C’est encore difficile à dire, mais selon M. Slack, il faudra attendre au début de 2022 avant de voir le portrait s’améliorer.

En Amérique du Nord, la demande de marchandises en vue du printemps n’est pas aussi vigoureuse que pendant l’automne, qui met la table à la saison des emplettes en vue du temps des Fêtes.

De plus, dans le cadre des célébrations entourant le Nouvel An chinois, la quasi-totalité des usines et installations portuaires sont fermées en Chine pendant deux semaines.

Cela devrait permettre de décongestionner certains ports en Amérique du Nord ainsi qu’en Europe. Mais le contexte peut changer rapidement. Un évènement imprévu, comme le blocage du canal de Suez en mars dernier, peut venir jouer les trouble-fêtes.
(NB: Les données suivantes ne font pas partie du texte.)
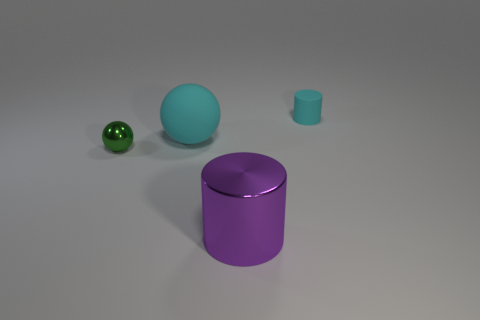Does the matte cylinder have the same color as the big matte object?
Make the answer very short. Yes. What is the shape of the tiny object that is on the left side of the cyan matte thing in front of the cyan thing that is right of the purple metallic thing?
Make the answer very short. Sphere. How many big metallic cylinders are to the left of the tiny rubber cylinder?
Ensure brevity in your answer.  1. Is the big object that is behind the tiny green ball made of the same material as the small cyan thing?
Provide a succinct answer. Yes. How many other objects are there of the same shape as the large purple metal object?
Your answer should be very brief. 1. What number of cyan things are to the left of the rubber thing behind the ball behind the green ball?
Give a very brief answer. 1. The cylinder behind the large purple metal object is what color?
Offer a terse response. Cyan. There is a cylinder that is on the right side of the purple thing; does it have the same color as the big ball?
Ensure brevity in your answer.  Yes. What size is the cyan thing that is the same shape as the tiny green metallic thing?
Ensure brevity in your answer.  Large. There is a cylinder that is to the right of the big object that is in front of the matte thing that is in front of the small cylinder; what is it made of?
Keep it short and to the point. Rubber. 
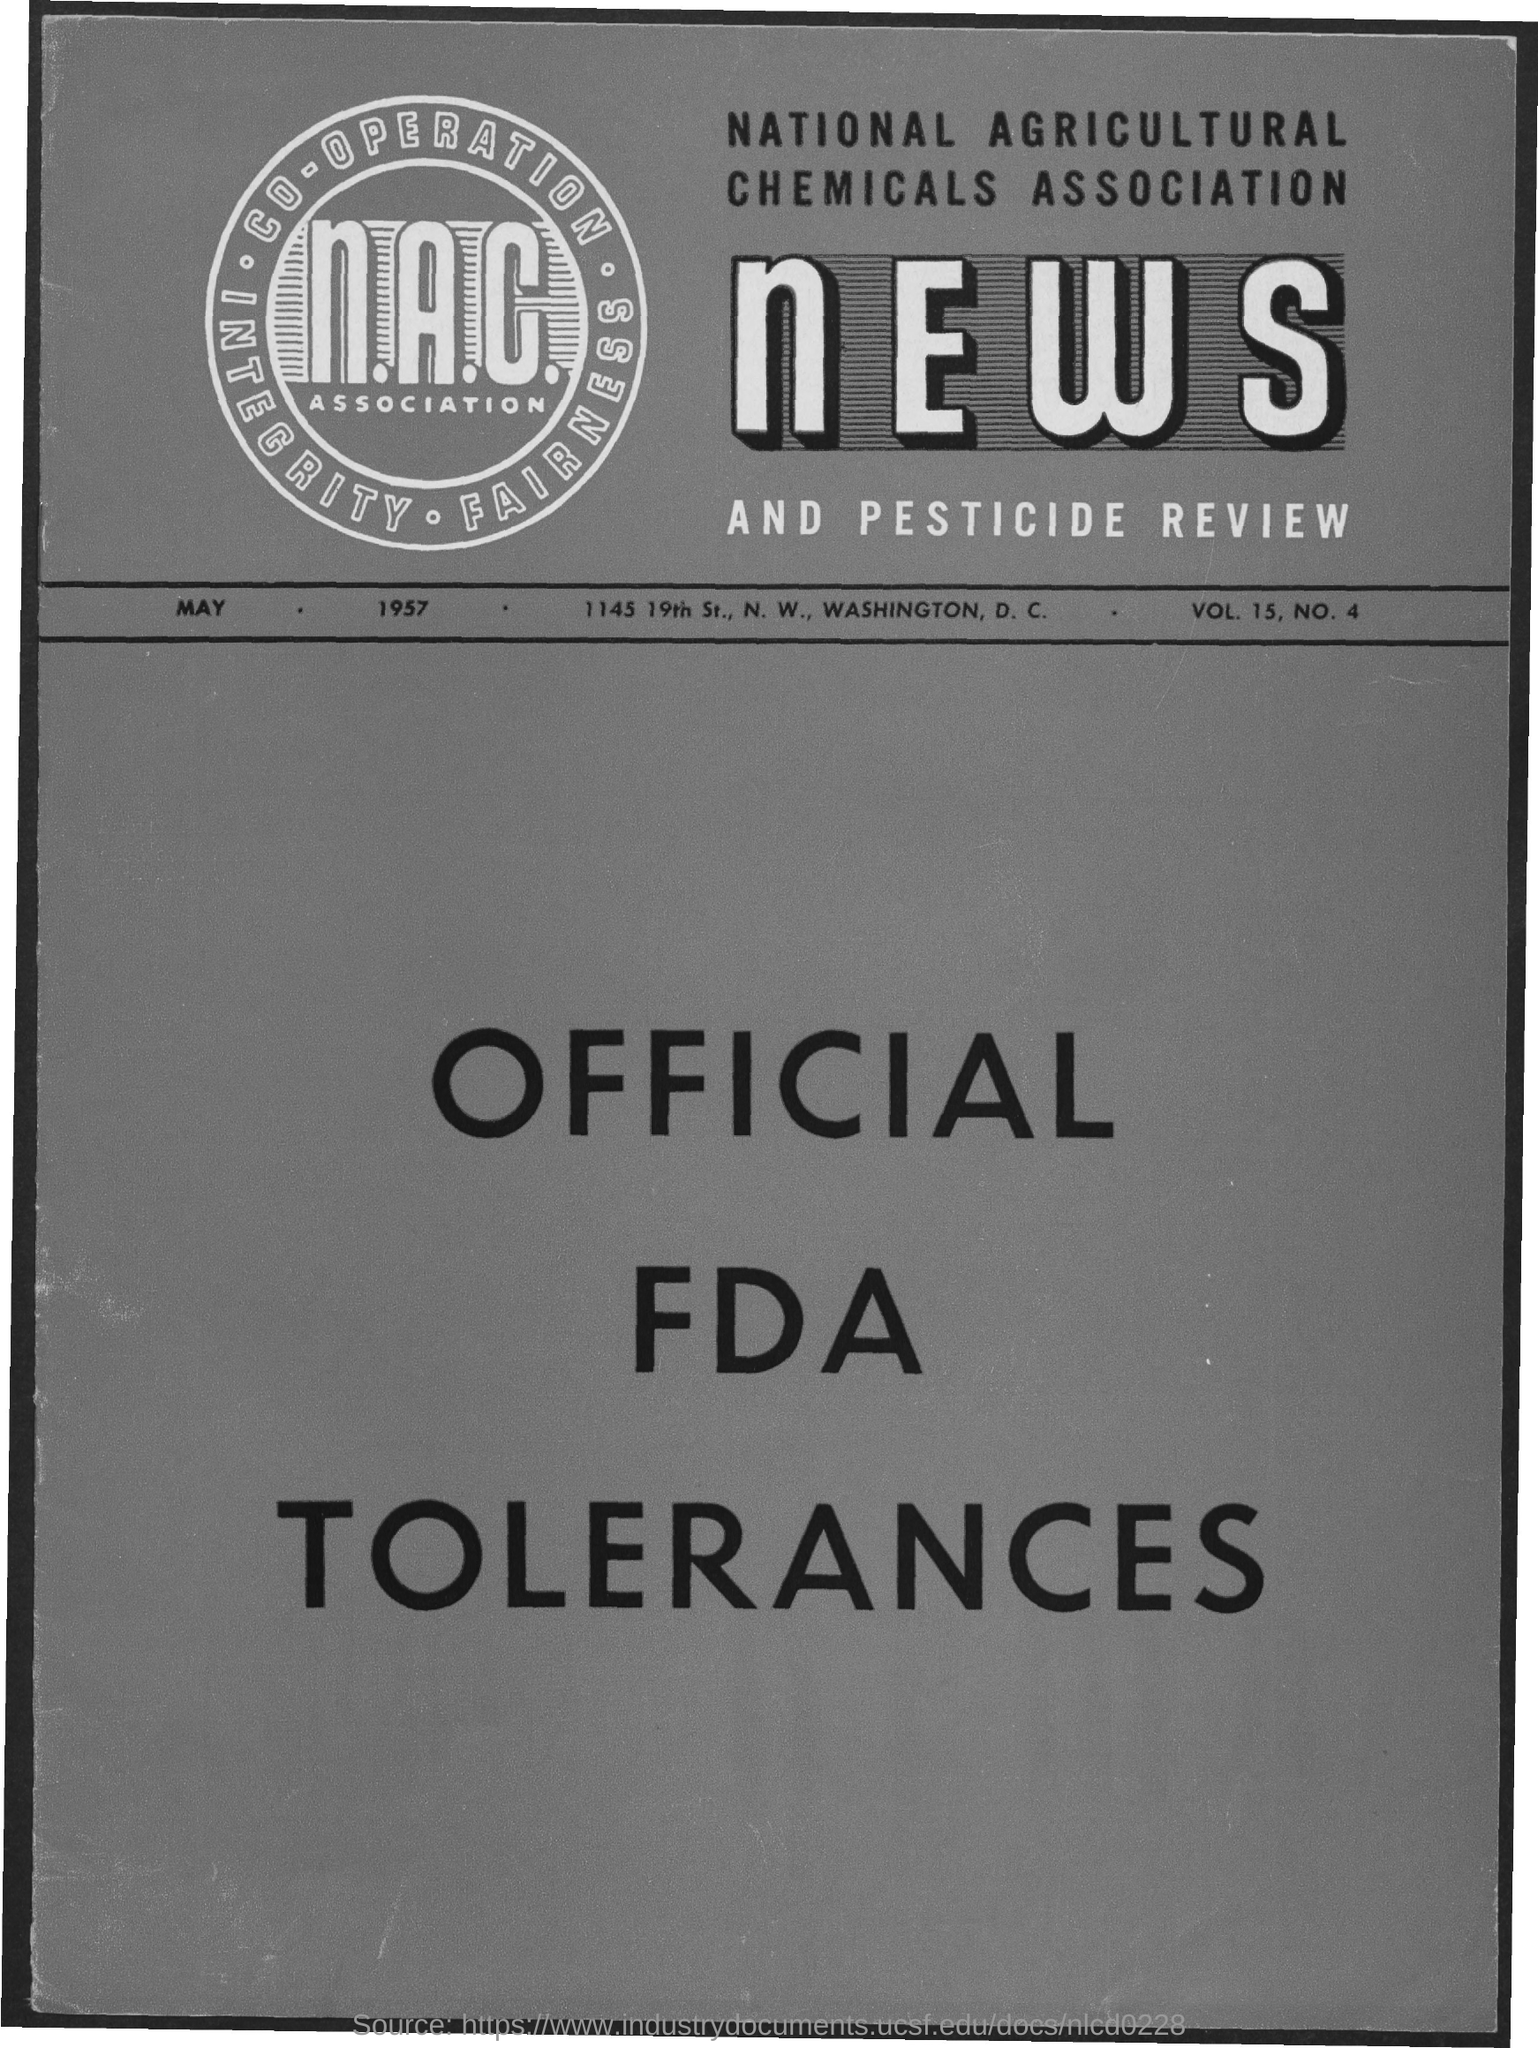Point out several critical features in this image. The National Agricultural Chemicals Association is the first title in the document.

« Aussitôt qu’on bloque une partie de la chaîne, ça refoule ailleurs, rappelle M. Roy. Ici, nous avons eu nos épisodes, par exemple avec les blocus ferroviaires en 2020. »

Et chez nous ?

Au port de Montréal ainsi qu’à Vancouver, les volumes traités sont en hausse, mais la situation n’a rien à voir avec ce qui s’observe à certains endroits au sud de la frontière.

PHOTO MARCO CAMPANOZZI, ARCHIVES LA PRESSE

Port de Montréal

« Nous sommes moins sollicités qu’un port de la côte Ouest », souligne Mélanie Nadeau, vice-présidente, affaires publiques et relations avec les communautés, au Port de Montréal.

Toutefois, à l’instar de ce qui se passe à Vancouver, le nombre de conteneurs vides qui quittent les installations portuaires est en hausse. Cette proportion a récemment atteint 20 %, selon Mme Nadeau, par rapport à environ 10 % habituellement.

La situation est sur le radar du gouvernement Trudeau. Jeudi dernier, la ministre des Finances, Chrystia Freeland, a signalé qu’Ottawa surveillait les problèmes des chaînes d’approvisionnement ainsi que la tension dans les ports canadiens.